No Brasil, esse termo apareceu graças ao estrangeirismo, um processo de empréstimo linguístico e cultural, alavancado pela globalização dos meios de comunicação. Inicialmente, utilizado no Twitter, cringe apareceu no mesmo contexto de disputa geracional como um adjetivo semelhante a vergonha alheia. Após os anos, cringe tornou-se parte do léxico brasileiro, sendo mais comum falar cringe para se referir a algo vergonhoso do que vergonha alheia.

Mas mesmo esse sentimento sendo tão desagradável, se tornou um ícone na cultura pop, ao ponto de compilações de conteúdo cringe com até 30 minutos de duração poderem ser encontradas na internet. Shows dedicados ao humor cringe também dominam as televisões e sites de streaming. Mas por quê? 

Popularidade? 

O fenômeno cringe não nasceu na Internet, mas foi exacerbado pelo mundo, sendo presente desde os bobos da corte na Idade Média, os circos dos horrores na Modernidade e, na atualidade, os vídeos cassetadas do Faustão. 

Conforme a pesquisadora estadunidense Alena Saucke explicita em sua tese de mestrado, “Tão engraçado que dói. Comédia cringe e performances de desconforto”, em uma época de consciência cada vez maior de vigilância constante – por meio de câmeras de telefones, televisão, reality shows, mídia social – a inevitabilidade da observação traz uma autoconsciência de qualquer um que se desvie do ideal, constrói um nicho curioso entre as performances exigidas, assim, se cria uma sensação de fama. 

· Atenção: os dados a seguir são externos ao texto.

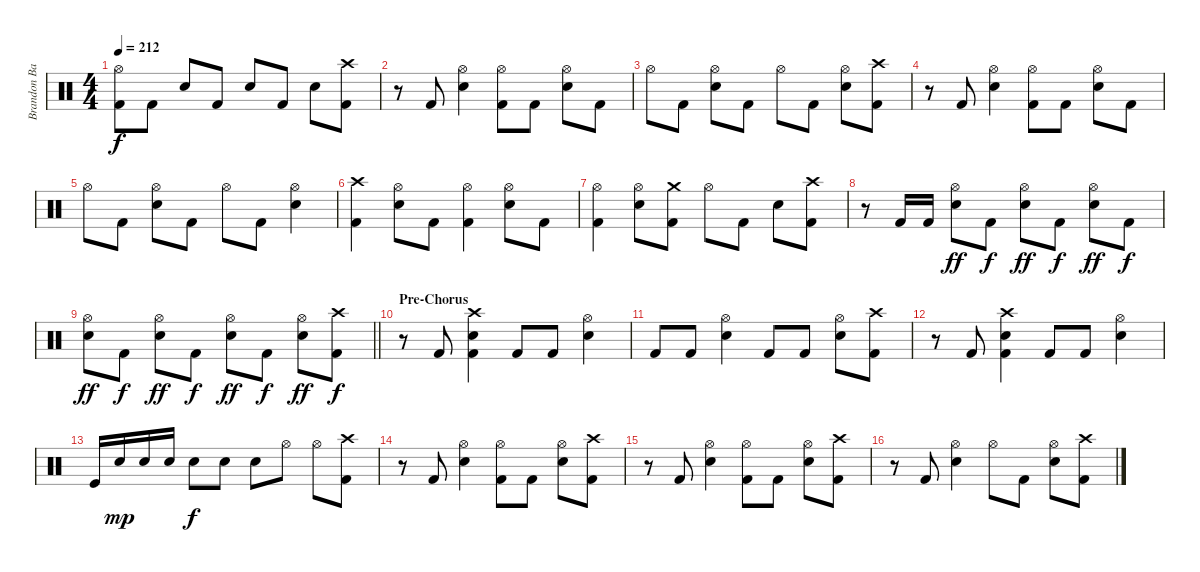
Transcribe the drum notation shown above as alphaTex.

O psicólogo Marcio Silveira acrescenta:  “A internet favoreceu a socialização, mas ao mesmo tempo criou uma sensação de inconsequência ou impunidade. Se você faz o ataque ao diferente de forma presencial, o risco de contra-ataque com consequências físicas é maior que no universo virtual”. Ele também explica que como o ataque frequentemente é feito a partir de perfis falsos, essa facilidade de atingir o outro em qualquer lugar ou a qualquer momento alimenta as fantasias destrutivas e vingativas dos que não querem ser atingidos pelo coletivo.

“em uma época de consciência cada vez maior de vigilância constante, a inevitabilidade da observação traz uma autoconsciência de qualquer um que se desvie do ideal” – pintura aquarela [Imagem: Reprodução/Arquivo pessoal] 

Convenciona-se chamar de cultura cringe o abrangente que abriga comunidades como canais no Youtube, subreddits, threads no Twitter e grupos no Facebook dedicados a reunirem-se e compartilhar o conteúdo cringe de outras pessoas a fim de ridicularizá-lo em massa. Assim, percebe-se um movimento contraditório: reconhecemos a necessidade humana de comunidade, enquanto pisamos nela, ao zombar de comunidades diferentes. 

Esses conteúdos cringe normalmente tem como alvo pessoas mais velhas, minorias – mulheres, pretos, LGBQIA+, pessoas fora dos padrões, PcD, neuro divergentes, interesses nichados, como otakus, emos, góticos, furry e/ou pessoas gordas. O termo rejeição social engloba o perfil dos atingidos. 

No cerne da cultura cringe, está o entendimento de que a razão pela qual as pessoas estão rindo de outras que foram cringe é porque elas não estão atribuindo coisas convencionais na sociedade ou não estão alinhadas com formas aceitáveis de expressão.

“Historicamente, tudo o que é diferente causa algum tipo de incômodo. Zombar ou atacar o diferente é uma forma ilusória de o afastar ou de garantir que ele não me atinja ou contamine.” explica o psicólogo. Ademais, ele complementa que, muitas vezes, esse recurso é utilizado em debates políticos contra as minorias, como uma forma de desumanizar e invisibilizar suas causas, reduzi-las a pixels”. 

“O monstro na caixa” – Pintura aquarela [Imagem: Reprodução/Arquivo pessoal] 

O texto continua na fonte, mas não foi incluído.